According to a further aspect of the present invention at least an indication of unique runtime environment components comprises a link to runtime environment components, an address of runtime environment components and/ or the runtime environment components. This provides the advantage that the components can either be stored as such or the global cache, also referred to as central storage, points to the storage address the components are stored at. A mixed approach of storing and pointing is likewise possible.

According to a further aspect of the present invention the execution environment provides a software and/ or hardware structure for execution of the respective software component. This provides the advantage that a framework can be provided such that the software component can rely on predefined hardware and software components.

According to a further aspect of the present invention a unique hash value is assigned to each runtime environment component. This provides the advantage that the integrity of the data can be assured and moreover a security mechanism is applied as changing the data results in a different hash value, which can be detected.

According to a further aspect of the present invention at least a runtime environment required for software component execution and/ or the software component is cached. This provides the advantage that a responsive method is suggested that can be implemented using fast cache storage. This is of special advantage in the present scenario as the software components may be formed by robots and software agents which only have a very limited timely lifespan. This feature helps to create a reliable environment and ready to run software component in short time. According to a further aspect of the present invention the central storage is implemented as a cache and/ or is organized using a tree like structure. This provides the advantage that an efficient storage structure is created.

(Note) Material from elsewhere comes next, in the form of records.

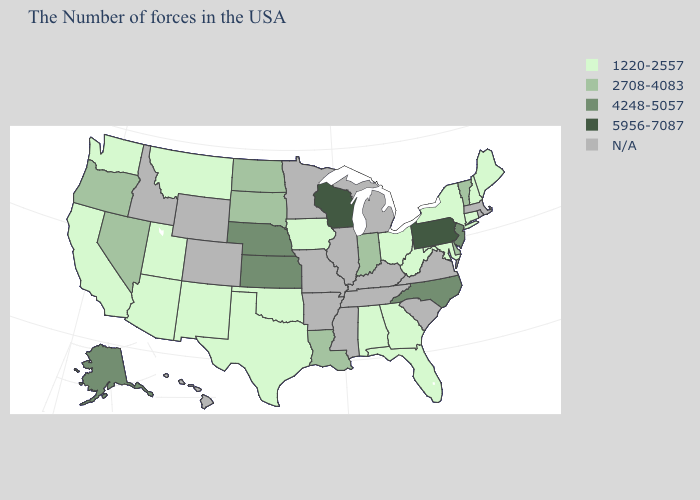What is the value of Illinois?
Keep it brief. N/A. Does the first symbol in the legend represent the smallest category?
Be succinct. Yes. Name the states that have a value in the range 2708-4083?
Quick response, please. Vermont, Delaware, Indiana, Louisiana, South Dakota, North Dakota, Nevada, Oregon. Name the states that have a value in the range N/A?
Quick response, please. Massachusetts, Rhode Island, Virginia, South Carolina, Michigan, Kentucky, Tennessee, Illinois, Mississippi, Missouri, Arkansas, Minnesota, Wyoming, Colorado, Idaho, Hawaii. Name the states that have a value in the range 2708-4083?
Concise answer only. Vermont, Delaware, Indiana, Louisiana, South Dakota, North Dakota, Nevada, Oregon. Name the states that have a value in the range 4248-5057?
Give a very brief answer. New Jersey, North Carolina, Kansas, Nebraska, Alaska. Which states have the lowest value in the USA?
Quick response, please. Maine, New Hampshire, Connecticut, New York, Maryland, West Virginia, Ohio, Florida, Georgia, Alabama, Iowa, Oklahoma, Texas, New Mexico, Utah, Montana, Arizona, California, Washington. Name the states that have a value in the range 4248-5057?
Write a very short answer. New Jersey, North Carolina, Kansas, Nebraska, Alaska. What is the value of Wisconsin?
Short answer required. 5956-7087. Name the states that have a value in the range N/A?
Keep it brief. Massachusetts, Rhode Island, Virginia, South Carolina, Michigan, Kentucky, Tennessee, Illinois, Mississippi, Missouri, Arkansas, Minnesota, Wyoming, Colorado, Idaho, Hawaii. Which states hav the highest value in the West?
Short answer required. Alaska. What is the lowest value in the West?
Give a very brief answer. 1220-2557. Name the states that have a value in the range 1220-2557?
Short answer required. Maine, New Hampshire, Connecticut, New York, Maryland, West Virginia, Ohio, Florida, Georgia, Alabama, Iowa, Oklahoma, Texas, New Mexico, Utah, Montana, Arizona, California, Washington.

According to a further aspect of the present invention identifying respectively one required runtime environment per software component is performed iteratively and runtime environment components that are no longer required for software component execution are deleted and runtime environment components not being stored are stored. This provides the advantage that runtime environment components and/ or software components are identified and verified using hash values.

According to a further aspect of the present invention the method is implemented as a software protocol in a distributed hardware environment. This provides the advantage that the method can be implemented in a cloud or server system and addresses the hardware by applying the suggested teachings.

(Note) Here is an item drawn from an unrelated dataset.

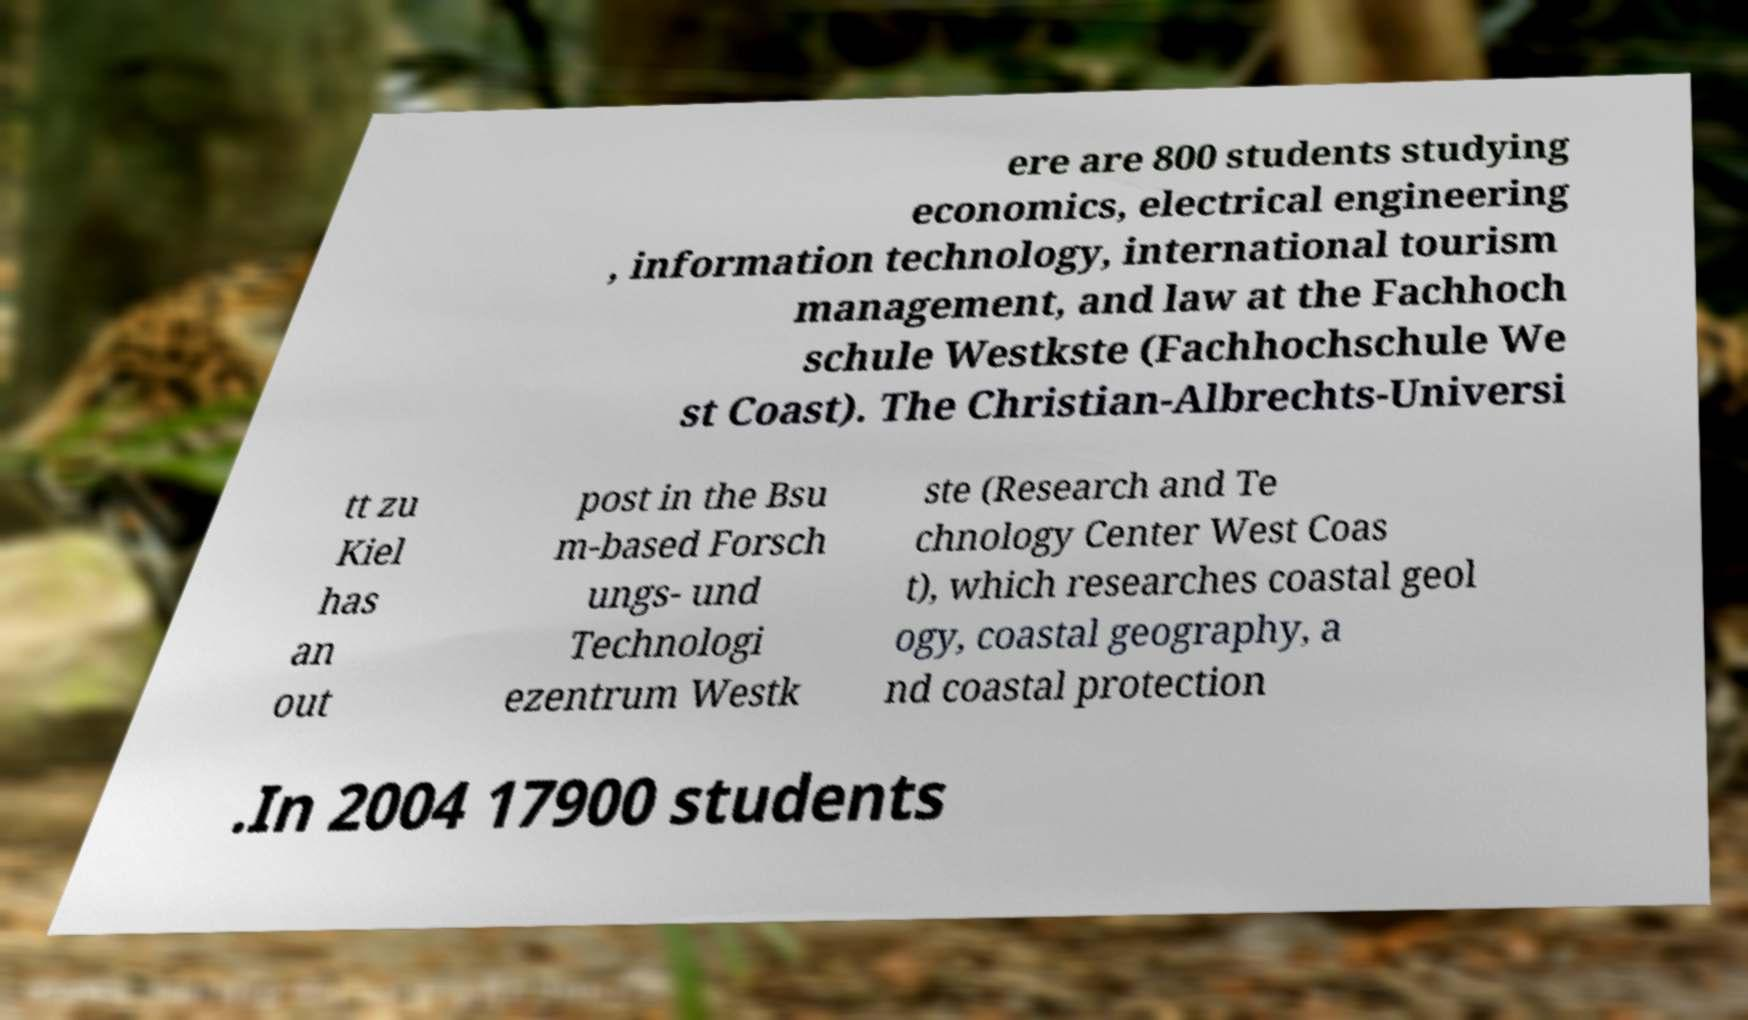Please read and relay the text visible in this image. What does it say? ere are 800 students studying economics, electrical engineering , information technology, international tourism management, and law at the Fachhoch schule Westkste (Fachhochschule We st Coast). The Christian-Albrechts-Universi tt zu Kiel has an out post in the Bsu m-based Forsch ungs- und Technologi ezentrum Westk ste (Research and Te chnology Center West Coas t), which researches coastal geol ogy, coastal geography, a nd coastal protection .In 2004 17900 students

According to a further aspect of the present invention the software component operates a software agent, a set of control instructions, a physical robot, a software robot and/ or an autonomous artificial intelligence agent. This provides the advantage that the software component can be formed by several approaches and those scenarios where the teachings of the present invention can be applied at great advantage are addressed.

The object is also solved by a system arrangement for hash optimized composition of a global cache for isolated execution environments, comprising an identification unit arranged to identify respectively one required runtime environment per software component out of a number of several software components; a parser unit arranged to divide each identified runtime environment into a set of runtime environment components; an interface unit arranged to store in a central storage at least an indication of unique runtime environment components, the unique runtime environment components in their entireness forming all runtime environments; and a deployment unit arranged to identify a required runtime environment for a specific software component and to load all runtime environment components of the identified runtime environment from the central storage into an execution environment. The object is also solved by a computer program product comprising instructions to cause the arrangement to execute the steps of the method as well by a computer- readable medium having stored thereon the computer program.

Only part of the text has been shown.